The method of claim 1, wherein the classifier is a neural network-
Between the step (ii) and the step (iii)
Further comprising the step of adding a new crowd behavior class if the crowd behavior class has not been determined in step (ii) or before any crowd behavior class has been established yet.

A computer program recorded on a recording medium, the computer program being implemented to perform the steps of the structure learning based crowd behavior recognition method according to any one of claims 1 to 7.

A training data set storage unit for storing a training data set including a video signal and a crowd behavior class related to crowd behavior observed in the video region for each predetermined video region;
An image feature vector extracting unit for extracting an image feature vector composed of a plurality of elements for each unit image from the received image signal or the image signal in the stored training data set;
A structure learning unit for generating context networks in which graphical representations of dependency relationships between the extracted elements of the image feature vector are extracted and path patterns are extracted from context networks for each group of behavior classes; And
If the elements of the image feature vector are input based on the path patterns extracted from the image feature vectors that need a new crowd behavior class or the image feature vectors extracted from the training data set, one of the crowd behavior classes And a classifier configured to determine a corresponding mob action class of the mob.

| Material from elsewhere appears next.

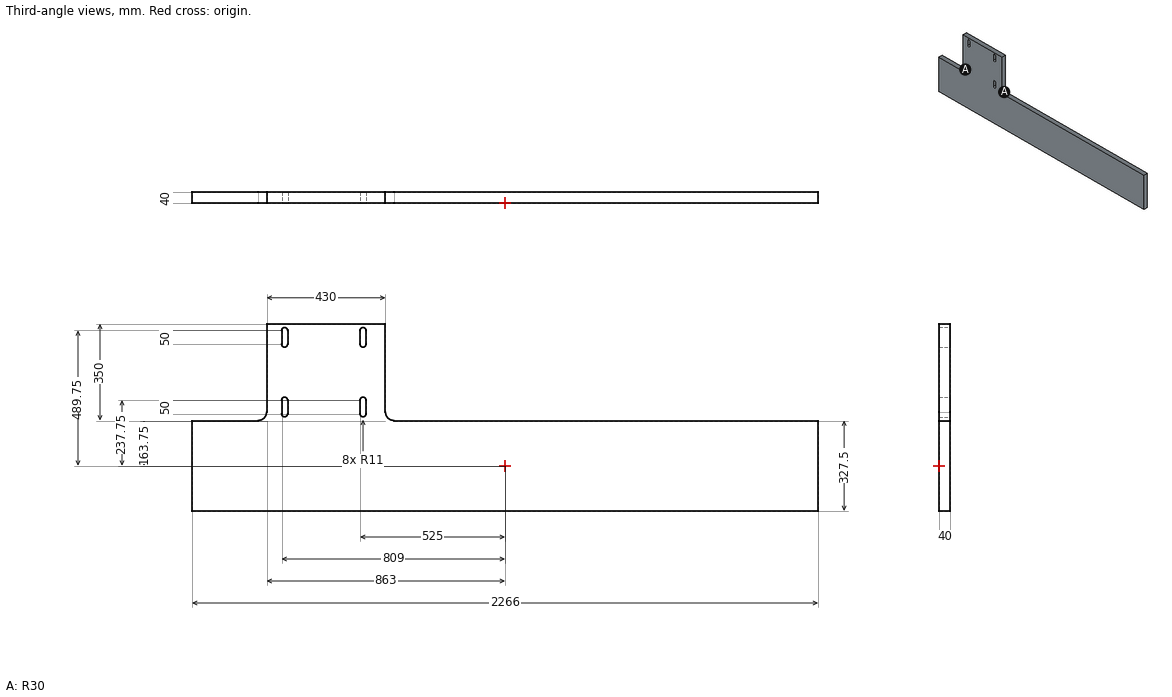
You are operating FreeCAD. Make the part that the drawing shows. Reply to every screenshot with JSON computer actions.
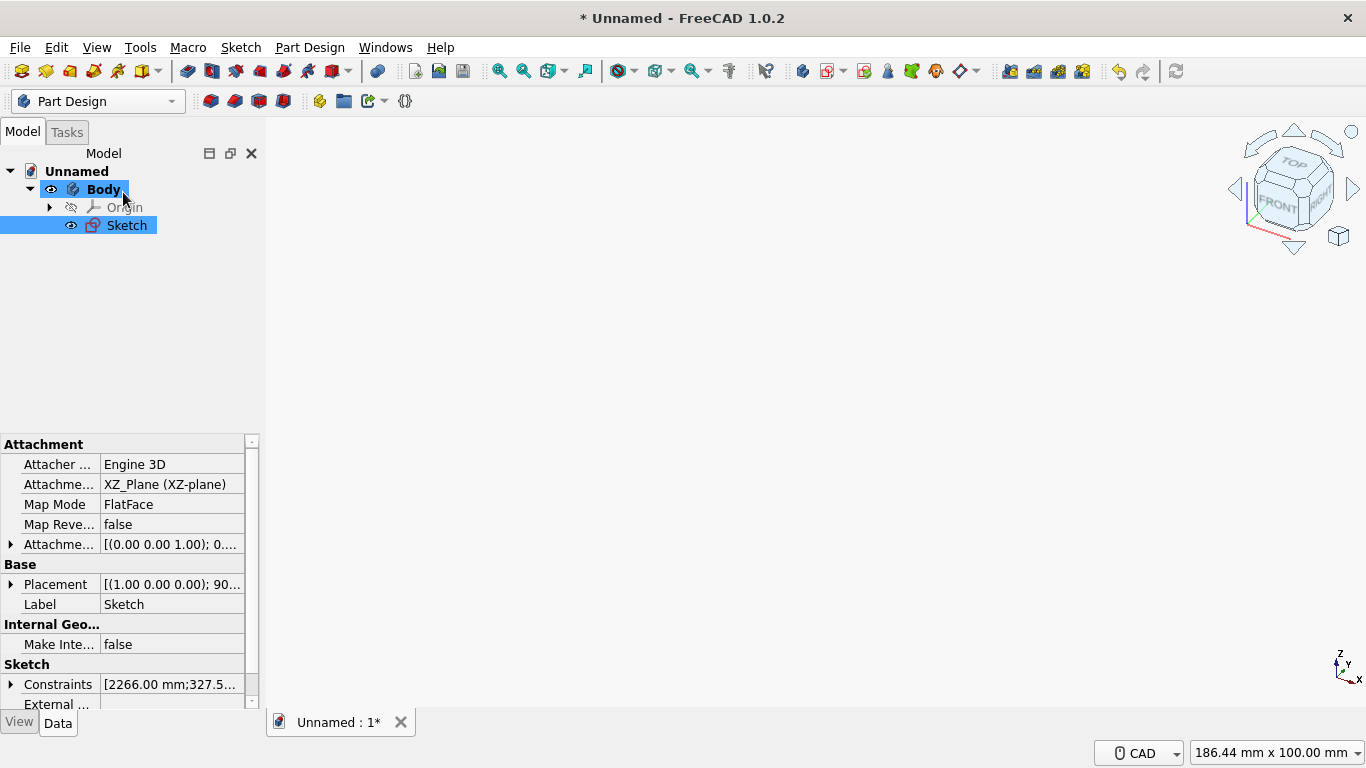
{"action": "left_click", "coordinate": [22, 72]}

The method of claim 9, wherein the image feature vector is a HOOF vector,
Wherein the element values of the image feature vector are values of optical flow histogram bins for each azimuth angle section.

The apparatus of claim 9, wherein the context network is a bezier network represented by a directional acyclic graph.

12. The apparatus of claim 11, wherein the bezier network is obtained through a K2 algorithm.

12. The apparatus of claim 11, wherein the path pattern is each of all possible paths from a root node to an end node of the context network.

The method of claim 9, wherein the classifier is a neural network-
A path feature selecting unit for selecting path features as path patterns having an appearance probability corresponding to the upper 2/3 for each crowd behavior class; And
A neural network setting unit configured to set weight values of the neural network such that corresponding context classes are determined when the elements of the image feature vector are input to input nodes of the neural network; And
And a crowd behavior class table storing the crowd behavior classes included in the training data set or the newly added crowd behavior class and storing context networks and path patterns extracted for each crowd behavior class,
Wherein the neural network is configured such that image feature vector elements constituting selected path features are respectively assigned to input nodes of the neural network and also crowd behavior classes are respectively assigned to output nodes.

15. The apparatus of claim 14,
Inputting elements of an image feature vector to input nodes of the set neural network, determining a crowd behavior class based on output values of the output nodes of the neural network, and outputting all output values of the output nodes of the neural network to a predetermined threshold value Further comprising a neural network operation unit for additionally registering a new crowd behavior class in the crowd behavior class table if the current crowd behavior class is lower than the current crowd behavior class.